▶ **Work request**: The entries that follow should be repeated exactly, with no pictures kept.

(Dataset entries)

☆ ☆ ☆

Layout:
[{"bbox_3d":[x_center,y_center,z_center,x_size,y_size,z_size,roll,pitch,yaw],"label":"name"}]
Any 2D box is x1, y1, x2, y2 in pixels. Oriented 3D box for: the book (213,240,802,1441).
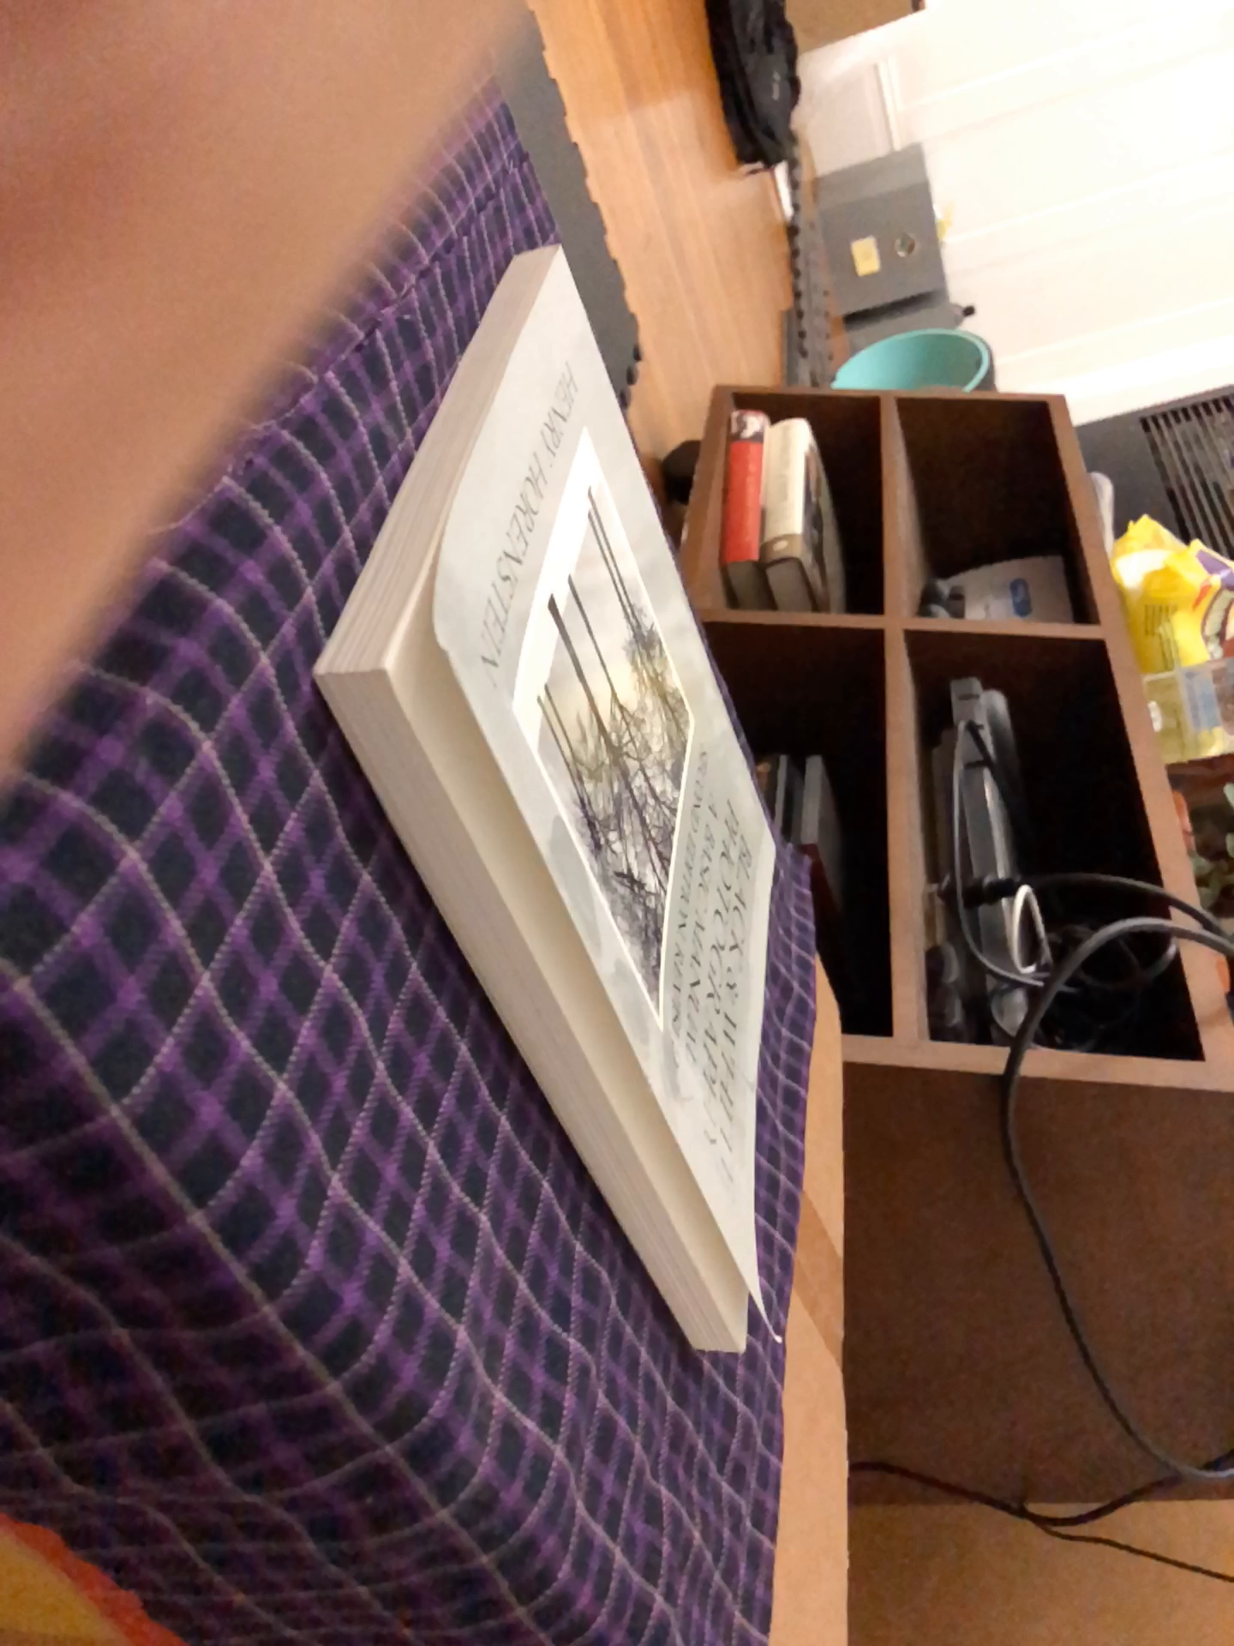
[{"bbox_3d":[0.002,0.006,0.371,0.211,0.030,0.250,-80,153,-48],"label":"book"}]
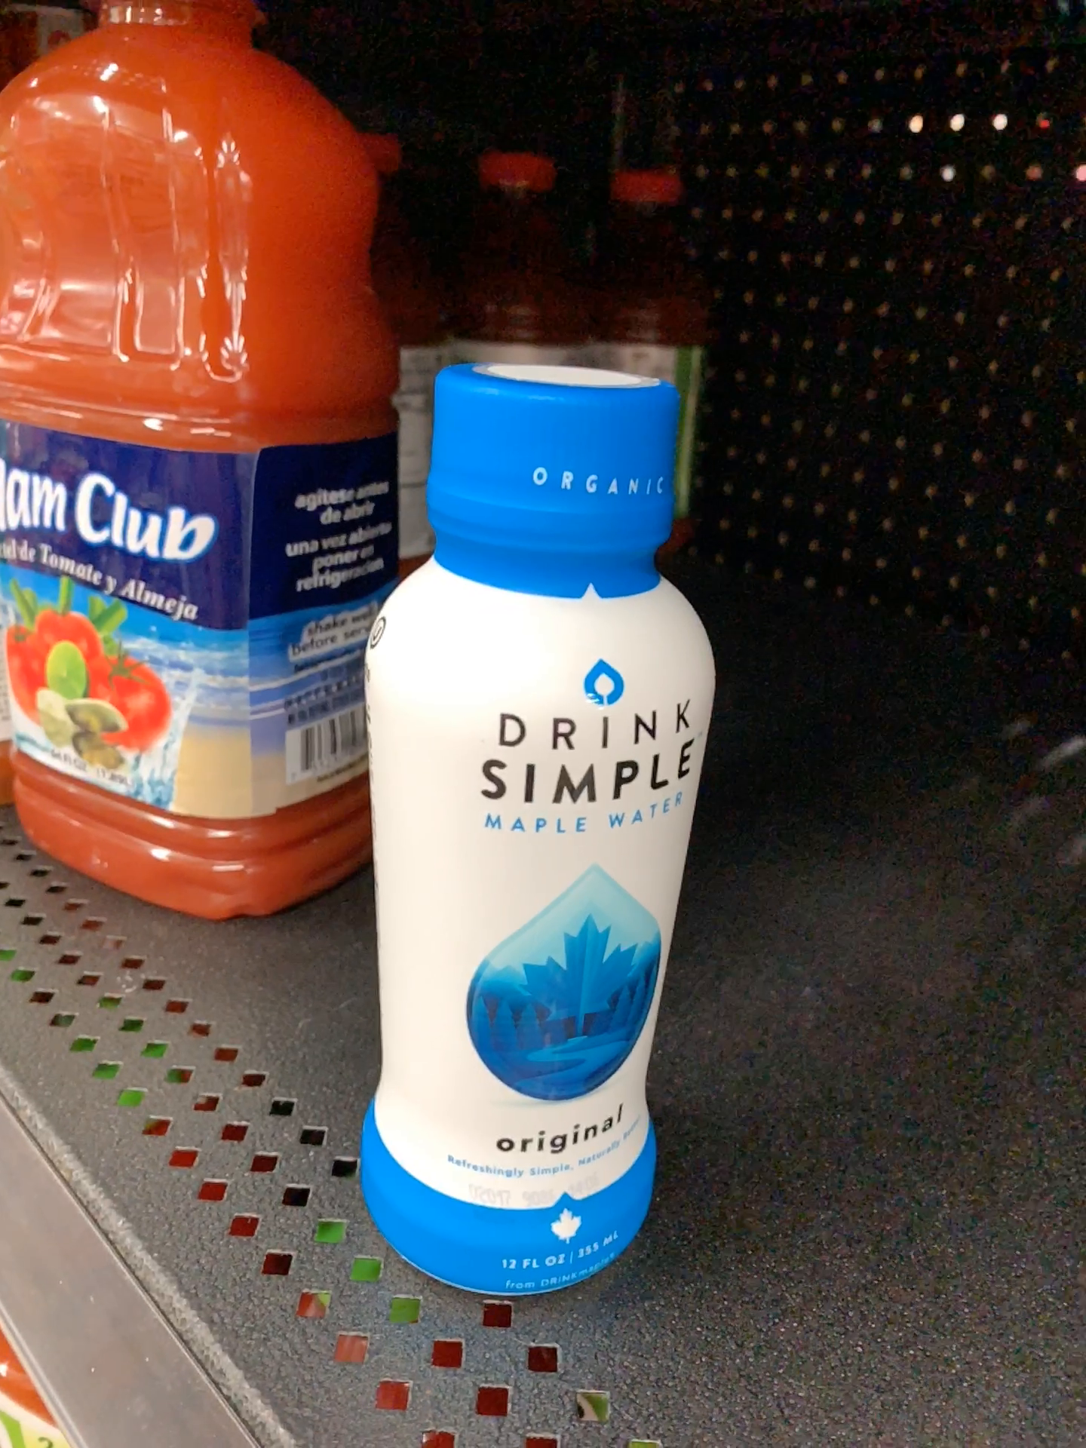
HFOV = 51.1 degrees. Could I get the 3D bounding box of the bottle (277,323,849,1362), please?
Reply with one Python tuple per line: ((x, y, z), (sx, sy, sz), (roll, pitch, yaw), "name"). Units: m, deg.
((-0.005, 0.019, 0.208), (0.070, 0.169, 0.066), (2, 23, -1), "bottle")
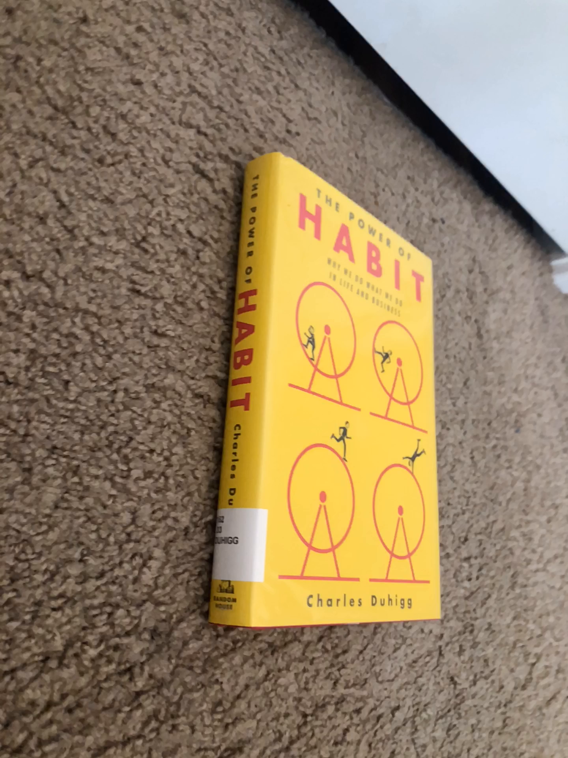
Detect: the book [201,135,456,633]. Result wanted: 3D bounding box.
[{"bbox_3d":[0.038,0.011,0.375,0.166,0.040,0.251,19,66,-43],"label":"book"}]
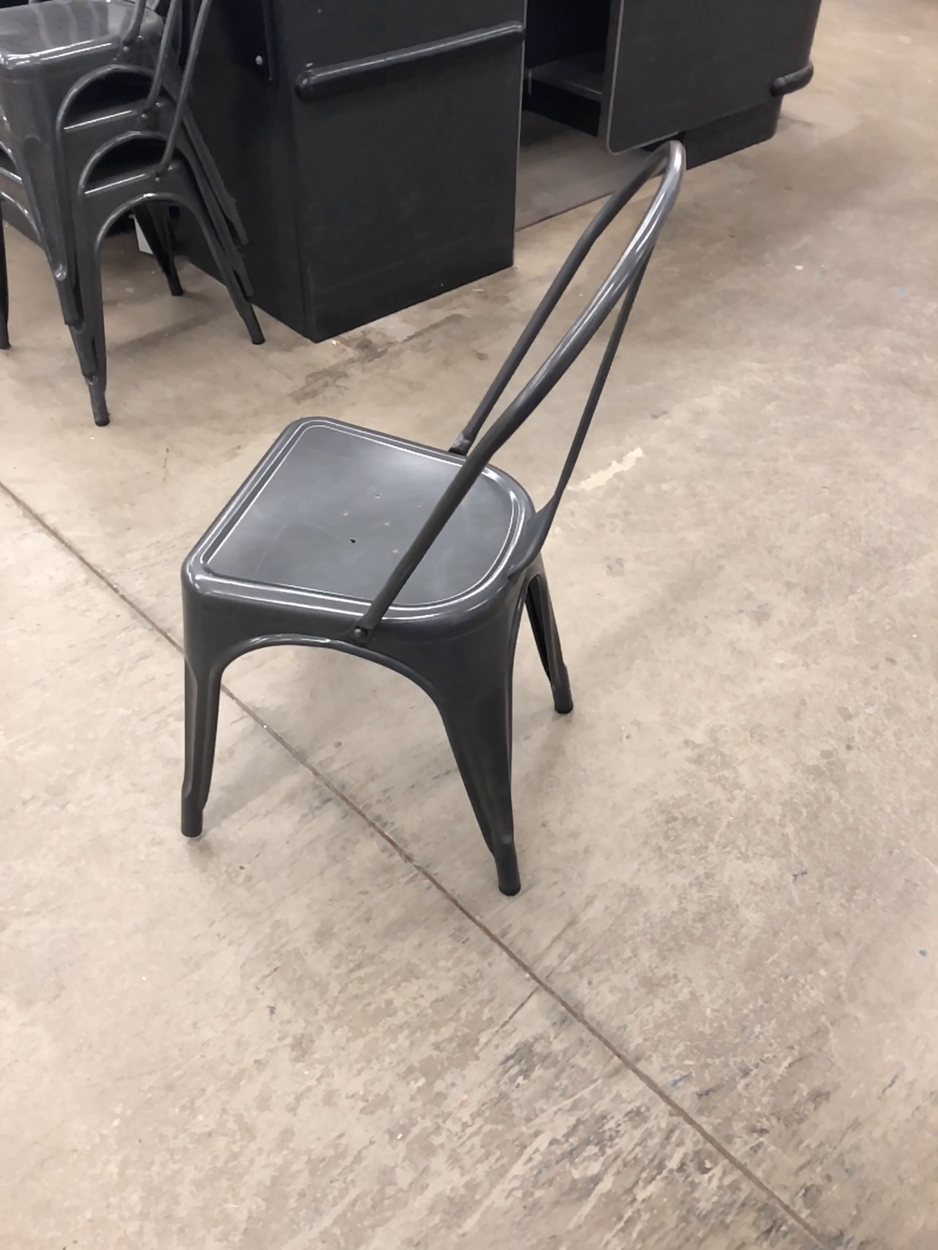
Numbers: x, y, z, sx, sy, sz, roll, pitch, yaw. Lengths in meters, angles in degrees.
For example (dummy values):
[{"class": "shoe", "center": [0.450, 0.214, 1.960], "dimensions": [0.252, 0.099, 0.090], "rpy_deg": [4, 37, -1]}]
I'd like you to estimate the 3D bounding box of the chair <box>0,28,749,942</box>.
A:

☆ ☆ ☆

▶ **Reply**:
Layout:
[{"bbox_3d":[x_center,y_center,z_center,x_size,y_size,z_size,roll,pitch,yaw],"label":"name"}]
Any 2D box is x1, y1, x2, y2 in pixels. Oriented 3D box for: the book (213,240,802,1441).
[{"bbox_3d":[0.002,0.006,0.371,0.211,0.030,0.250,-80,153,-48],"label":"book"}]
HFOV = 51.1 degrees. Could I get the 3D bounding box of the bottle (277,323,849,1362), please?
Reply with one Python tuple per line: ((x, y, z), (sx, sy, sz), (roll, pitch, yaw), "name"). Units: m, deg.
((-0.005, 0.019, 0.208), (0.070, 0.169, 0.066), (2, 23, -1), "bottle")
Detect: the book [201,135,456,633]. Result wanted: 3D bounding box.
[{"bbox_3d":[0.038,0.011,0.375,0.166,0.040,0.251,19,66,-43],"label":"book"}]
Numbers: x, y, z, sx, sy, sz, roll, pitch, yaw. Lengths in meters, angles in degrees.
For example (dummy values):
[{"class": "shoe", "center": [0.450, 0.214, 1.960], "dimensions": [0.252, 0.099, 0.090], "rpy_deg": [4, 37, -1]}]
I'd like you to estimate the 3D bounding box of the chair <box>0,28,749,942</box>.
A:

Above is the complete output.